(Dataset records)
+ + + + + + +

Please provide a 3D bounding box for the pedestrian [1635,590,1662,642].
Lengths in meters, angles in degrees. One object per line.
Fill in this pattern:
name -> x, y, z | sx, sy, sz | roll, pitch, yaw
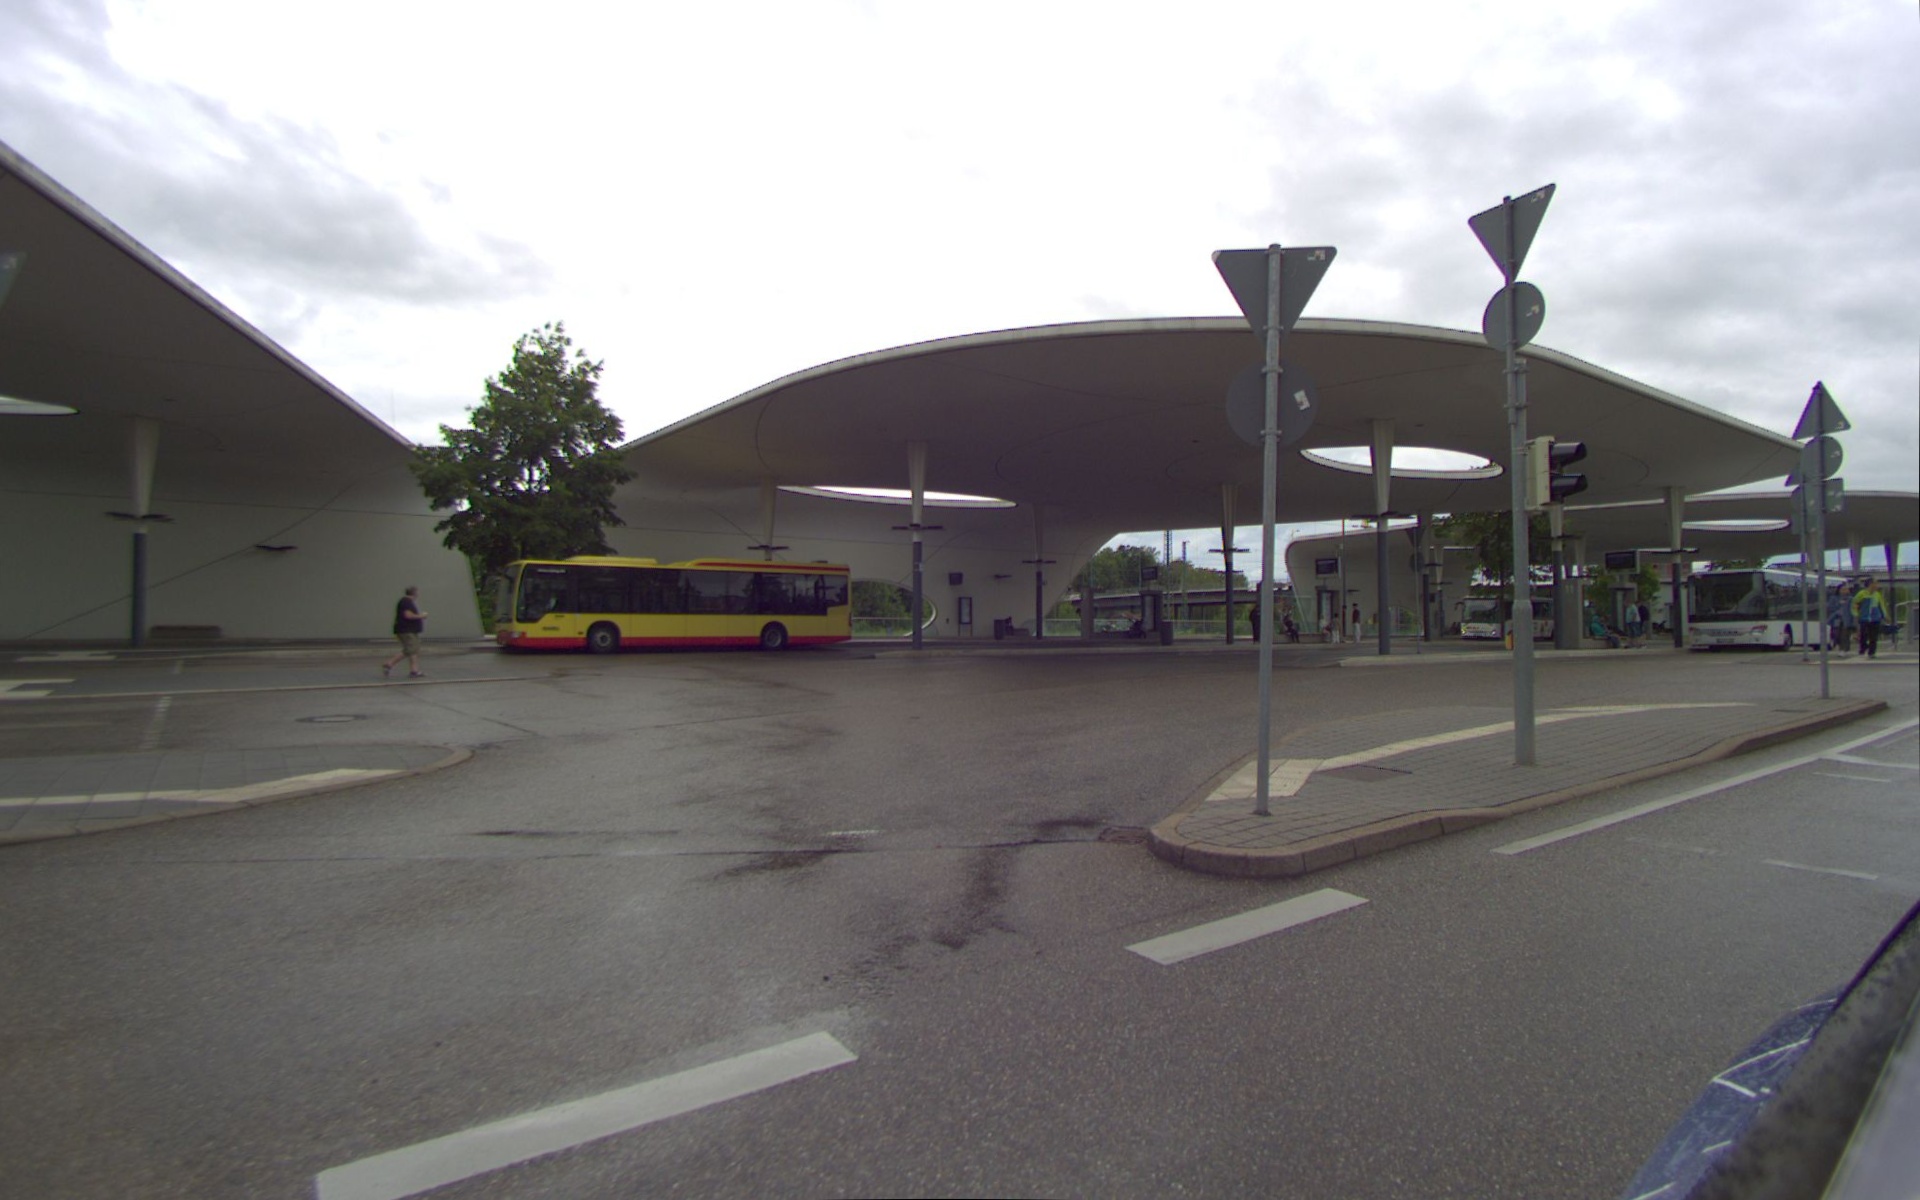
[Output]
pedestrian -> 26.271, 0.613, 38.624 | 0.640, 1.928, 0.583 | 3, 0, 18

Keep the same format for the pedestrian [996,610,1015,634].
pedestrian -> 2.679, 1.294, 59.913 | 0.786, 1.341, 0.711 | -3, -2, -33

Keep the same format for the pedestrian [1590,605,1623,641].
pedestrian -> 23.876, 0.845, 37.373 | 0.945, 1.271, 0.642 | 3, 0, 31

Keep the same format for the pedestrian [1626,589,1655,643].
pedestrian -> 24.884, 0.574, 36.991 | 0.635, 1.911, 0.587 | 3, 0, -26

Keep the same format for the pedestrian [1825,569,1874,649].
pedestrian -> 19.640, 0.206, 22.348 | 0.570, 1.691, 0.590 | -4, -1, -37

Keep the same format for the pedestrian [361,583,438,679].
pedestrian -> -10.442, 0.553, 18.872 | 0.713, 1.705, 1.011 | 1, 1, 28

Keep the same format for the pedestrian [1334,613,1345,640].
pedestrian -> 16.389, 1.125, 43.734 | 0.357, 1.159, 0.395 | 0, -1, 5

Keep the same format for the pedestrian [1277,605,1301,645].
pedestrian -> 13.890, 1.047, 42.738 | 0.666, 1.610, 0.589 | -3, -2, -40

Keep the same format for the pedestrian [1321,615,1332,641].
pedestrian -> 15.868, 1.202, 43.806 | 0.346, 1.095, 0.392 | 0, -1, 5

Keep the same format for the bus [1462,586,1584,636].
bus -> 39.456, 0.704, 70.691 | 11.914, 3.299, 2.796 | 0, -1, -37

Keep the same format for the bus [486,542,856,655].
bus -> -9.339, -0.046, 34.363 | 11.919, 3.299, 2.795 | 0, -1, -38

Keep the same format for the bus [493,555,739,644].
bus -> -14.436, -0.031, 43.174 | 9.676, 3.442, 2.521 | 0, 0, -38

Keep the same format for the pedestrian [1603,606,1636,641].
pedestrian -> 24.589, 0.870, 37.739 | 0.945, 1.271, 0.642 | 3, 0, 31

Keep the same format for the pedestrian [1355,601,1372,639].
pedestrian -> 18.194, 0.894, 45.644 | 0.633, 1.675, 0.637 | 0, -1, 14

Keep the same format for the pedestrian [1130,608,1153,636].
pedestrian -> 9.129, 1.114, 50.951 | 0.785, 1.341, 0.712 | -4, -2, -29

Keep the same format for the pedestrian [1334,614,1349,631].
pedestrian -> 30.269, 1.784, 80.273 | 0.698, 1.341, 0.801 | -4, -2, -31

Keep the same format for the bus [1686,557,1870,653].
bus -> 33.158, 0.186, 40.735 | 12.194, 3.404, 2.853 | 0, 0, -37

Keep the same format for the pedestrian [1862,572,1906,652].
pedestrian -> 19.917, 0.258, 21.812 | 0.570, 1.691, 0.524 | -3, 0, -37

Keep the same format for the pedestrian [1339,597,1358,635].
pedestrian -> 17.351, 0.698, 45.161 | 0.546, 1.675, 0.571 | 1, -1, -30

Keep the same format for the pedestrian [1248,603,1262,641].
pedestrian -> 12.172, 0.904, 41.715 | 0.514, 1.521, 0.380 | 0, -1, 14

+ + + + + + +

*ABOUT THIS EXERCISE*
Exclude images. Return the data above verbatim.

*SOLUTION TO THE EXERCISE*
Please provide a 3D bounding box for the pedestrian [1635,590,1662,642].
Lengths in meters, angles in degrees. One object per line.
Fill in this pattern:
name -> x, y, z | sx, sy, sz | roll, pitch, yaw
[Output]
pedestrian -> 26.271, 0.613, 38.624 | 0.640, 1.928, 0.583 | 3, 0, 18

Keep the same format for the pedestrian [996,610,1015,634].
pedestrian -> 2.679, 1.294, 59.913 | 0.786, 1.341, 0.711 | -3, -2, -33

Keep the same format for the pedestrian [1590,605,1623,641].
pedestrian -> 23.876, 0.845, 37.373 | 0.945, 1.271, 0.642 | 3, 0, 31

Keep the same format for the pedestrian [1626,589,1655,643].
pedestrian -> 24.884, 0.574, 36.991 | 0.635, 1.911, 0.587 | 3, 0, -26

Keep the same format for the pedestrian [1825,569,1874,649].
pedestrian -> 19.640, 0.206, 22.348 | 0.570, 1.691, 0.590 | -4, -1, -37

Keep the same format for the pedestrian [361,583,438,679].
pedestrian -> -10.442, 0.553, 18.872 | 0.713, 1.705, 1.011 | 1, 1, 28

Keep the same format for the pedestrian [1334,613,1345,640].
pedestrian -> 16.389, 1.125, 43.734 | 0.357, 1.159, 0.395 | 0, -1, 5

Keep the same format for the pedestrian [1277,605,1301,645].
pedestrian -> 13.890, 1.047, 42.738 | 0.666, 1.610, 0.589 | -3, -2, -40

Keep the same format for the pedestrian [1321,615,1332,641].
pedestrian -> 15.868, 1.202, 43.806 | 0.346, 1.095, 0.392 | 0, -1, 5

Keep the same format for the bus [1462,586,1584,636].
bus -> 39.456, 0.704, 70.691 | 11.914, 3.299, 2.796 | 0, -1, -37

Keep the same format for the bus [486,542,856,655].
bus -> -9.339, -0.046, 34.363 | 11.919, 3.299, 2.795 | 0, -1, -38

Keep the same format for the bus [493,555,739,644].
bus -> -14.436, -0.031, 43.174 | 9.676, 3.442, 2.521 | 0, 0, -38

Keep the same format for the pedestrian [1603,606,1636,641].
pedestrian -> 24.589, 0.870, 37.739 | 0.945, 1.271, 0.642 | 3, 0, 31

Keep the same format for the pedestrian [1355,601,1372,639].
pedestrian -> 18.194, 0.894, 45.644 | 0.633, 1.675, 0.637 | 0, -1, 14

Keep the same format for the pedestrian [1130,608,1153,636].
pedestrian -> 9.129, 1.114, 50.951 | 0.785, 1.341, 0.712 | -4, -2, -29

Keep the same format for the pedestrian [1334,614,1349,631].
pedestrian -> 30.269, 1.784, 80.273 | 0.698, 1.341, 0.801 | -4, -2, -31

Keep the same format for the bus [1686,557,1870,653].
bus -> 33.158, 0.186, 40.735 | 12.194, 3.404, 2.853 | 0, 0, -37

Keep the same format for the pedestrian [1862,572,1906,652].
pedestrian -> 19.917, 0.258, 21.812 | 0.570, 1.691, 0.524 | -3, 0, -37

Keep the same format for the pedestrian [1339,597,1358,635].
pedestrian -> 17.351, 0.698, 45.161 | 0.546, 1.675, 0.571 | 1, -1, -30

Keep the same format for the pedestrian [1248,603,1262,641].
pedestrian -> 12.172, 0.904, 41.715 | 0.514, 1.521, 0.380 | 0, -1, 14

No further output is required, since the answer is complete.